▶ **The task**
Examine the entries below, count the lines holding the string "amount", and respond with the number only.

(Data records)
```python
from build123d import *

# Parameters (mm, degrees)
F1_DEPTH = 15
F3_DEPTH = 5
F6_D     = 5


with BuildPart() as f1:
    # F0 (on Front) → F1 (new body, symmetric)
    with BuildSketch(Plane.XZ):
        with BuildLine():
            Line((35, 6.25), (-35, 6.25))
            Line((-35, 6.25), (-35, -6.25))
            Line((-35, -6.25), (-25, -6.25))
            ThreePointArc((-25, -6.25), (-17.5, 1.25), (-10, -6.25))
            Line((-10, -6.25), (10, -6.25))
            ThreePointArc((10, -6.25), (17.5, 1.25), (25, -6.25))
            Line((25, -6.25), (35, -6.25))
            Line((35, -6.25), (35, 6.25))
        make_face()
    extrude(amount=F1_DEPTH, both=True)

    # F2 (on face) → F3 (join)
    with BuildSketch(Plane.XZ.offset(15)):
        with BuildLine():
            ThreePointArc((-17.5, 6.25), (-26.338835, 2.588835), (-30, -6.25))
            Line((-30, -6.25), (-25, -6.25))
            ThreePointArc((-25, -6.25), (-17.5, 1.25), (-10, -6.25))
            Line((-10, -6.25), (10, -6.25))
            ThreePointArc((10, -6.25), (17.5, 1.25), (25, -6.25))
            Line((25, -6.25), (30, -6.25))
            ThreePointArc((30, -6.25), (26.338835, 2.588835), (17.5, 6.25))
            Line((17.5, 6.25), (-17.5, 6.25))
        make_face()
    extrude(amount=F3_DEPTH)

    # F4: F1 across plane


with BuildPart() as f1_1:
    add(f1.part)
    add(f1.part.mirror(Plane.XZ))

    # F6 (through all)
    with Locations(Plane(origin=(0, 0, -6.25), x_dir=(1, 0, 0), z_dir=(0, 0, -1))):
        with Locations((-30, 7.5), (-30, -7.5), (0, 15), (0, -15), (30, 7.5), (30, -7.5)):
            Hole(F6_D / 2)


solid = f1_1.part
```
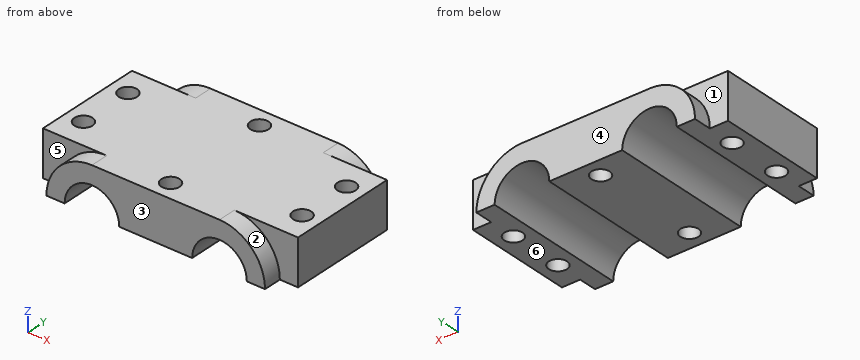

▶ **Exercise output**
2